JoLLE’s Statement Regarding International Student Visas

To the International JoLLE Community:

On September 24th, 2020, the Department of Homeland Security administration proposed a change to the policy that governs student visas, restricting the time that international students can stay in the United States for their studies to four years. Currently, international students are “admitted into the United States for the period of time that they are complying with the terms and conditions of their nonimmigrant category” (Department of Homeland Security, 2020), meaning that they are allowed to remain as long as they are in school or formal training. However, this proposed rule would limit student visas to four years, requiring students to apply for an extension if their studies were to take longer, with no guarantee that the extension would be granted.  For certain countries, such as a number of countries in Africa and Asia, the United States only provides two-year visas, and students must reapply mid-way through their programs for added time. 

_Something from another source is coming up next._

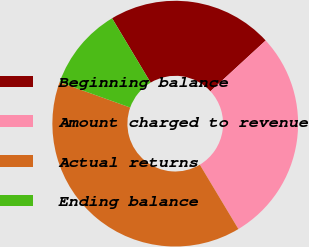<chart> <loc_0><loc_0><loc_500><loc_500><pie_chart><fcel>Beginning balance<fcel>Amount charged to revenue<fcel>Actual returns<fcel>Ending balance<nl><fcel>21.76%<fcel>28.24%<fcel>39.07%<fcel>10.93%<nl></chart> 
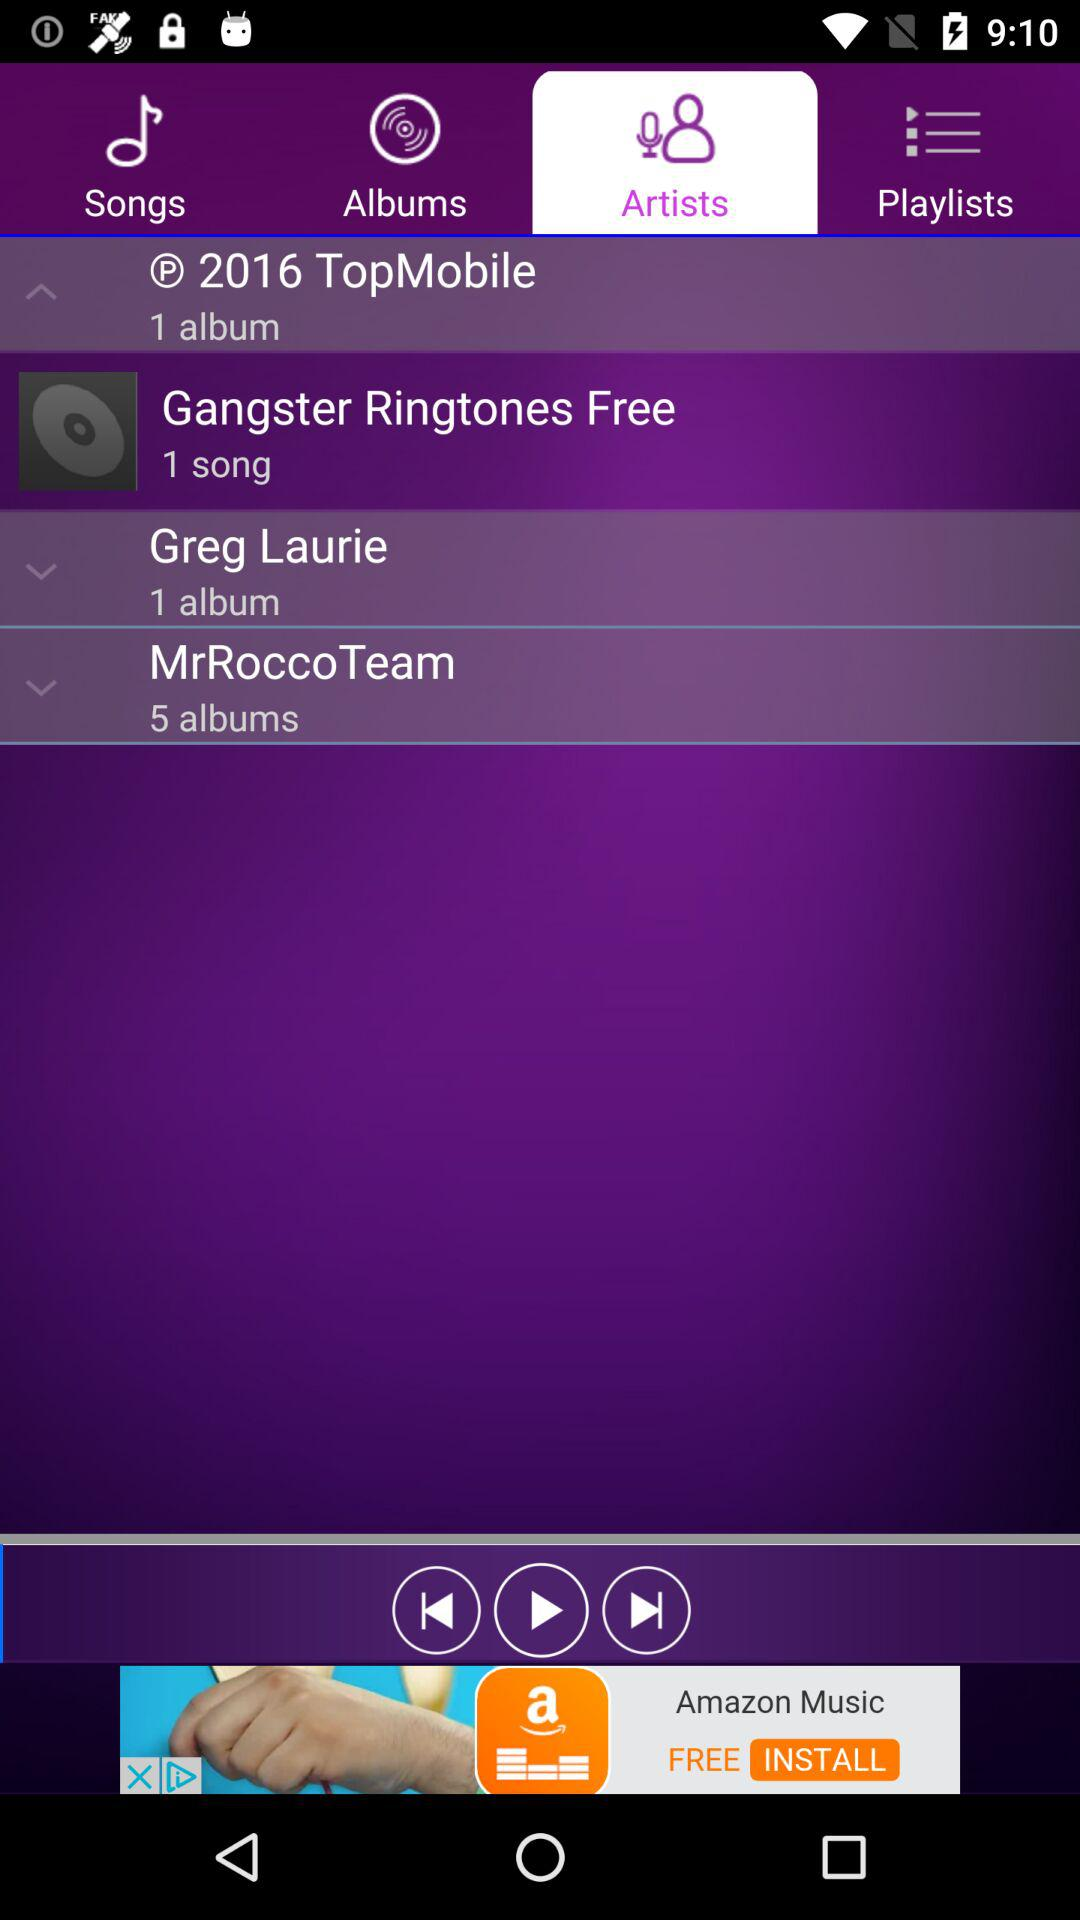Which tab is selected? The selected tab is "Artists".

This proposed rule creates a cloud of uncertainty for international students, who, like all of us in the pandemic, are facing an extraordinarily difficult time. According to the US News & World Report Survey of Earned Doctorates (2019), “the median amount of time it took individuals who received their doctorates in 2017 to complete their program was 5.8 years.” This restriction proposed by the Department of Homeland Security will undoubtedly jeopardize students’ academic studies and futures if they are deported before completing their degrees on a typical timeline. The stress of applying for visa extensions could impede productivity and add to the pressures already in place from dislocation and now the COVID-19 crisis. The rule could ultimately make studying in the US a less appealing prospect for international students, resulting in universities in the US being less able to attract international talent.

JoLLE relies profoundly on the contributions of international students and scholars, as does the field of language and literacy education. International researchers serve on both our editorial board and external review board, and without their contributions we would be unable to do the work we do. Our journal simply would not be sustainable without their vital work, and language and literacy education would be impoverished by their absence. 

We hope that now can be a time that we come together and vocally support our international students by speaking out against proposed policies that limit their educational possibilities and have the potential to inflict damage upon our academic fields. Diversity in all fields is vital, but especially so in education, for which the ultimate goal is the education and care of all of our learners, both similar and different from ourselves.